[TASK DETAILS] Omit the pictures, and output the rest of the entries exactly as written.

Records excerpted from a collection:
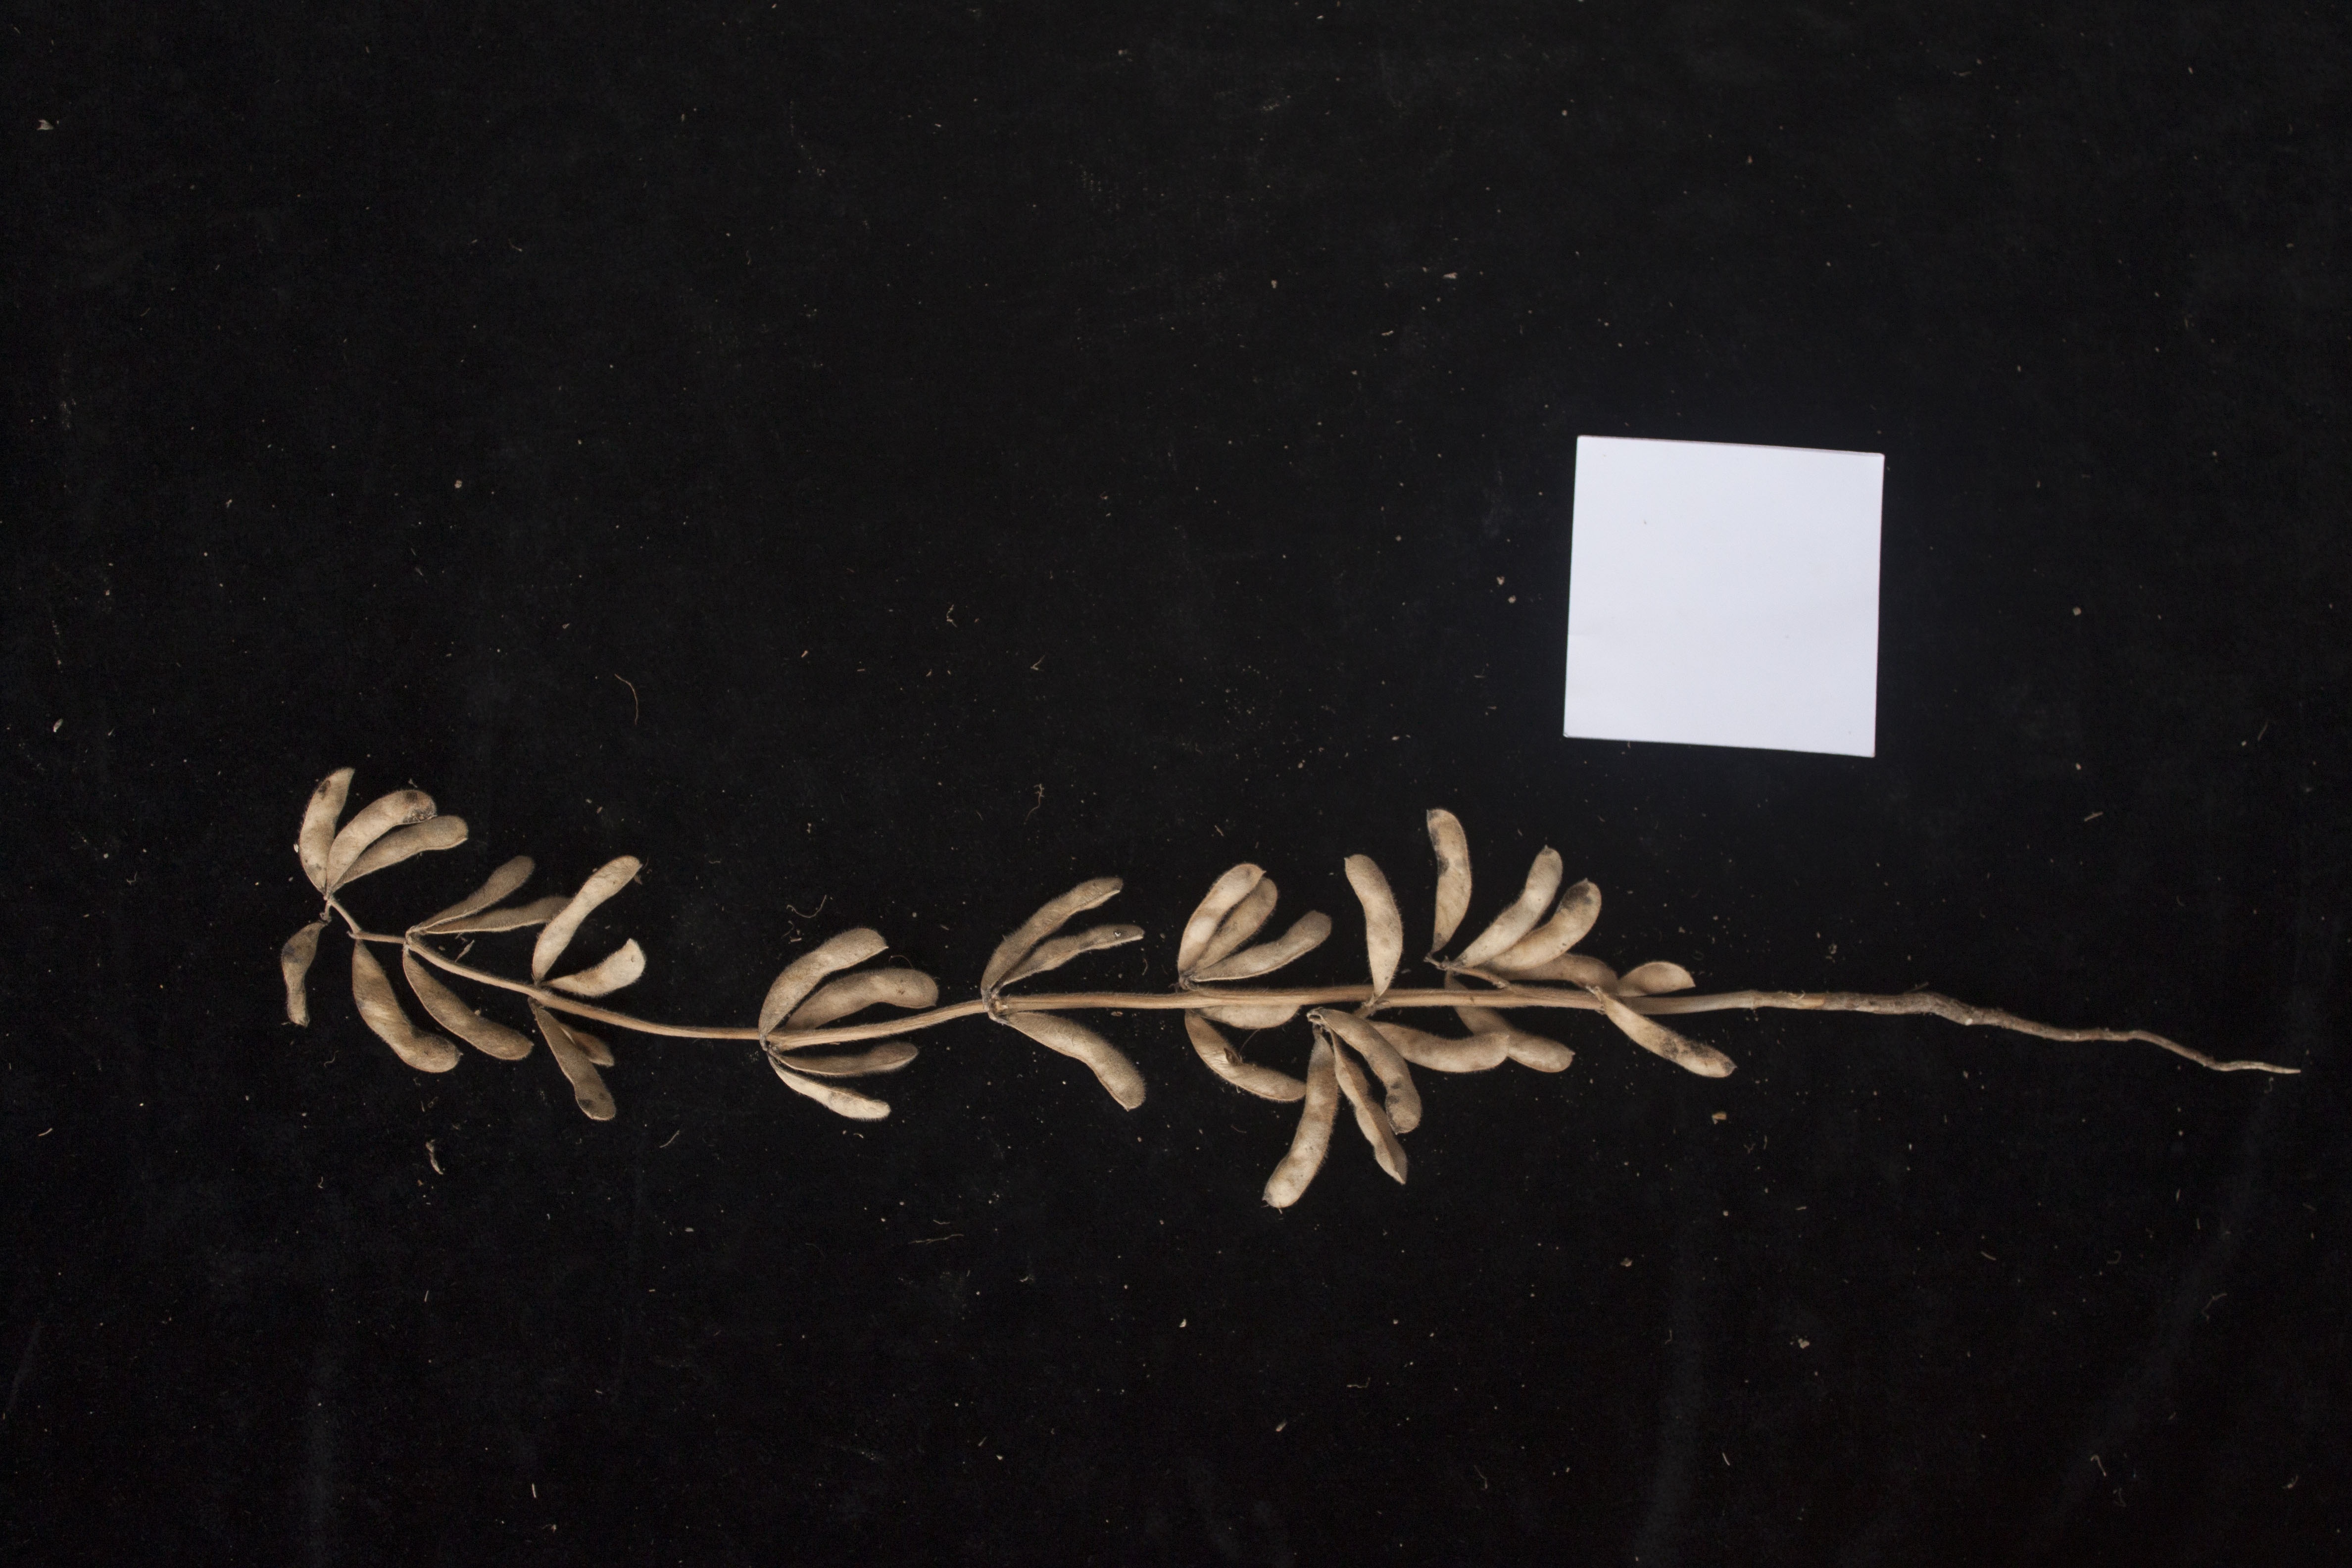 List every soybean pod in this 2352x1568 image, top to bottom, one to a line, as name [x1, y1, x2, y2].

soybean pod [297, 770, 352, 892]
soybean pod [326, 792, 436, 888]
soybean pod [1425, 811, 1471, 955]
soybean pod [333, 818, 466, 887]
soybean pod [1448, 851, 1560, 968]
soybean pod [532, 858, 638, 985]
soybean pod [1345, 858, 1402, 1004]
soybean pod [414, 859, 534, 930]
soybean pod [1178, 867, 1262, 972]
soybean pod [983, 879, 1121, 994]
soybean pod [1191, 880, 1276, 974]
soybean pod [1487, 882, 1598, 976]
soybean pod [428, 900, 567, 933]
soybean pod [1194, 913, 1330, 982]
soybean pod [1000, 926, 1144, 990]
soybean pod [279, 929, 318, 1026]
soybean pod [759, 929, 887, 1053]
soybean pod [550, 942, 645, 999]
soybean pod [351, 944, 457, 1072]
soybean pod [404, 951, 530, 1059]
soybean pod [1512, 957, 1616, 989]
soybean pod [1622, 964, 1693, 994]
soybean pod [785, 968, 938, 1031]
soybean pod [1450, 981, 1571, 1073]
soybean pod [1586, 989, 1733, 1078]
soybean pod [1193, 996, 1302, 1029]
soybean pod [531, 1009, 615, 1121]
soybean pod [993, 1011, 1144, 1109]
soybean pod [1321, 1011, 1421, 1135]
soybean pod [1187, 1015, 1306, 1099]
soybean pod [1368, 1026, 1509, 1073]
soybean pod [1264, 1036, 1338, 1205]
soybean pod [775, 1043, 920, 1077]
soybean pod [1333, 1043, 1406, 1187]
soybean pod [765, 1057, 889, 1119]

[EXERCISE RESULT]
 List every soybean pod in this 2352x1568 image, top to bottom, one to a line, as name [x1, y1, x2, y2].

soybean pod [297, 770, 352, 892]
soybean pod [326, 792, 436, 888]
soybean pod [1425, 811, 1471, 955]
soybean pod [333, 818, 466, 887]
soybean pod [1448, 851, 1560, 968]
soybean pod [532, 858, 638, 985]
soybean pod [1345, 858, 1402, 1004]
soybean pod [414, 859, 534, 930]
soybean pod [1178, 867, 1262, 972]
soybean pod [983, 879, 1121, 994]
soybean pod [1191, 880, 1276, 974]
soybean pod [1487, 882, 1598, 976]
soybean pod [428, 900, 567, 933]
soybean pod [1194, 913, 1330, 982]
soybean pod [1000, 926, 1144, 990]
soybean pod [279, 929, 318, 1026]
soybean pod [759, 929, 887, 1053]
soybean pod [550, 942, 645, 999]
soybean pod [351, 944, 457, 1072]
soybean pod [404, 951, 530, 1059]
soybean pod [1512, 957, 1616, 989]
soybean pod [1622, 964, 1693, 994]
soybean pod [785, 968, 938, 1031]
soybean pod [1450, 981, 1571, 1073]
soybean pod [1586, 989, 1733, 1078]
soybean pod [1193, 996, 1302, 1029]
soybean pod [531, 1009, 615, 1121]
soybean pod [993, 1011, 1144, 1109]
soybean pod [1321, 1011, 1421, 1135]
soybean pod [1187, 1015, 1306, 1099]
soybean pod [1368, 1026, 1509, 1073]
soybean pod [1264, 1036, 1338, 1205]
soybean pod [775, 1043, 920, 1077]
soybean pod [1333, 1043, 1406, 1187]
soybean pod [765, 1057, 889, 1119]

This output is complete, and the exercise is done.